Weeknotes 434
I did:
You are not the user
But you do your best to represent them and do what you think is right for them. Sometimes (including this week) that can seem quite abstract and doesn’t always work out how you’d like. There was other stuff too:
- Reviewed the financial data for a new business case. Because it’s new and unvalidated it goes in the low confidence pile, so the next question is how to approach validating it to increase confidence in it’s value.
- Chatted to more product people from other teams. It’s so interesting finding out about what people do, what they think about things, how they got where they are. Everyone should do it.
- Argued with Information Security about phishing your colleagues being ineffective for improving security awareness and that induction training would be better.

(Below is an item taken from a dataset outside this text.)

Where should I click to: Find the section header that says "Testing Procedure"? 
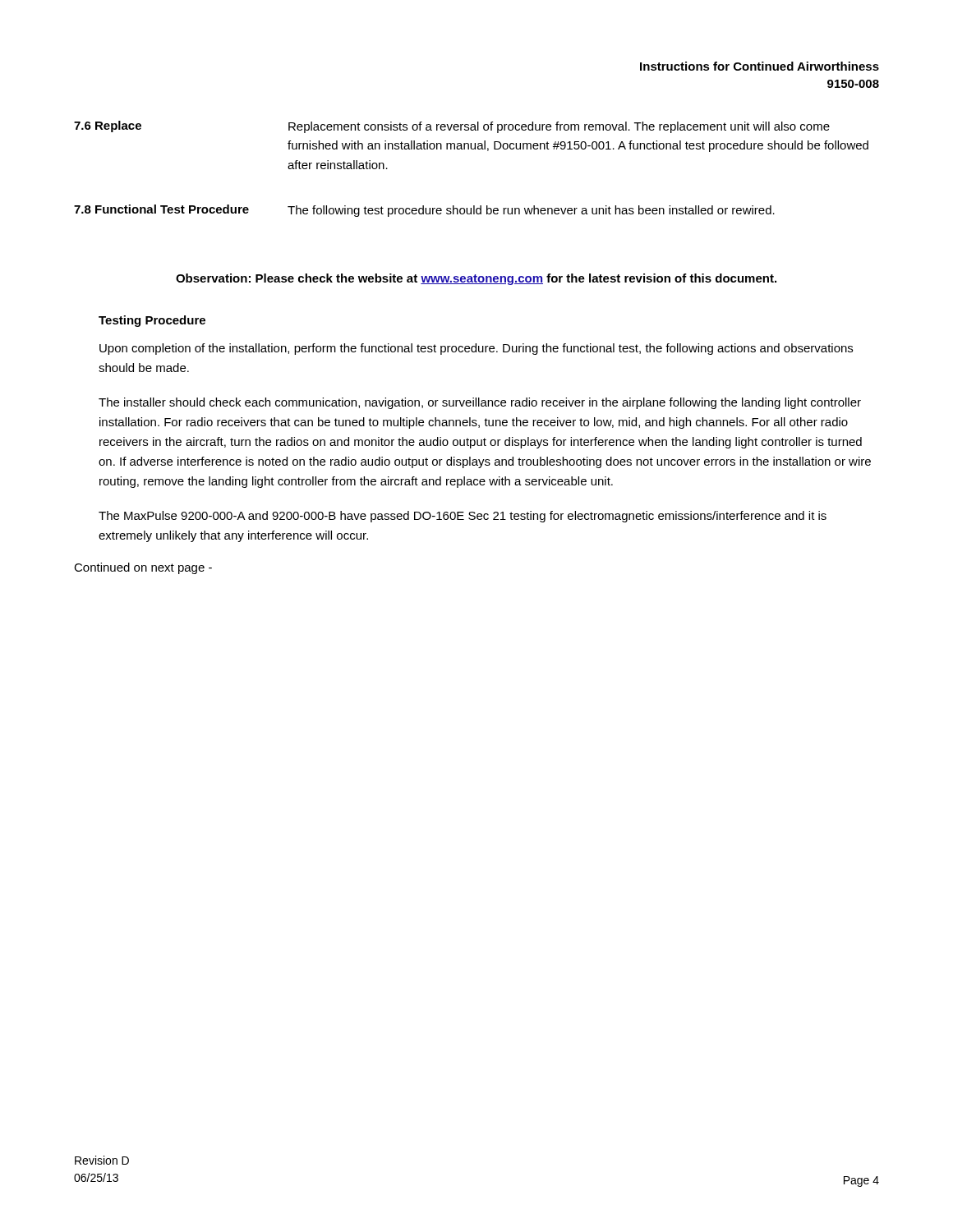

- Attended our Digital Service’s all-staff meeting. Emma, our CDIO, talked about our priorities for the near future and how we’ll need to change policy, people, process, technology, etc., you know, product management stuff.
- Got some of the people and process stuff in place for a large piece of work we’re starting. My reflection is that I/we could have done better at coordinating what to do and by who to reduce the uncertainty.
- Wrote requirements. It was fun, like being a junior product manager again.
I read:
Everyone wins when product managers work in the open
Really nice post from Isabelle Andrews about working in the open as a product manager. I really like the point, “Putting information out there and being understood are quite different things.” And focusing on why we’re working in the open and not on the performance of it.
Is product management a profession or trade?
This interesting question was posed by John about futures, but it applies to product management too. John describes the difference between a profession and trade in terms of pacing layers and speed of change. “Professions are traditionally in the slower layers; governance, culture, etc., whereas ‘trades’ react to fashion and commerce signals and trends to constantly evolve.” I think this firmly places product management in the trades layer and maybe shows some of the confusion from trying to treat it as a profession.
Hi
Every so often, this nonsense about how people should use chat messages comes up on social media. Usually the justification is to not interrupt others, but this is the first time I’ve seen anxiety used as an excuse for telling people they should communicate in ways that meet your needs not theirs. I think people should feel comfortable to communicate however works for them. If it doesn’t work for you, talk to them about it.
How Complex Systems Fail
I’ve read Dr. Richard Cook’s work before but this is cool website presents his short treatise on the nature of failure. There’s lots to learn there, especially about how all complex systems are inherently hazardous but run a degraded mode. I’m interested in how/whether an organisation tips over from being a complicated system to being complex and how it affects the orgs ability to function effectively.
I thought about:
Small simple steps
Following on from last week and reading about how to lead in a VUCA world (do more planning more frequently to get better at responding to change), I’ve been experimenting with writing short, simple, step-by-step plans after meetings which:
- Say who is doing what by when.
- Have the next three to five steps.
- Are easy to let go of when something changes.
I guess the thing here is that although the work is novel for this group of people in this situation, which means it can’t be planned upfront, that doesn’t mean that planning is useless.
And so far, I’ve seen a few little glimmers of more clarity and alignment, so I’m going to carry on doing it.
Principles
More thinking about the decision stack (I should probably bring all these thoughts together into a single blog post). This week, how having principles in the stack places it in a deontological moral philosophy space. Whereas an outcome focus feels more utilitarian, that the ends justify the means, a principles focus is more about having guiding boundaries that you don’t cross.
The decision stack places principles at the bottom, almost like a foundation that everything above sits on, and it includes the ‘No’ zones either side of the other layers, both of which make it feel like it comes from a deontological standpoint. How product manager’s deal with the interplay of those utilitarian and deontological positions is part of the fun.
The future of product management
I’ve seen a few posts about the future of product management recently, and they all seem to be about whether product manager’s use AI or not. That is not the future of product management. The future of product management will have to be about redefining success beyond the assumptions of infinite growth. The current state of the global economy and global climate change are hard stops we can’t ignore. Our vision for the future of product management has to take these harsh realities into account. We can’t carry on basing our profession on the assumptions of Schumpeter and Friedman. It’s time to move on and create something better.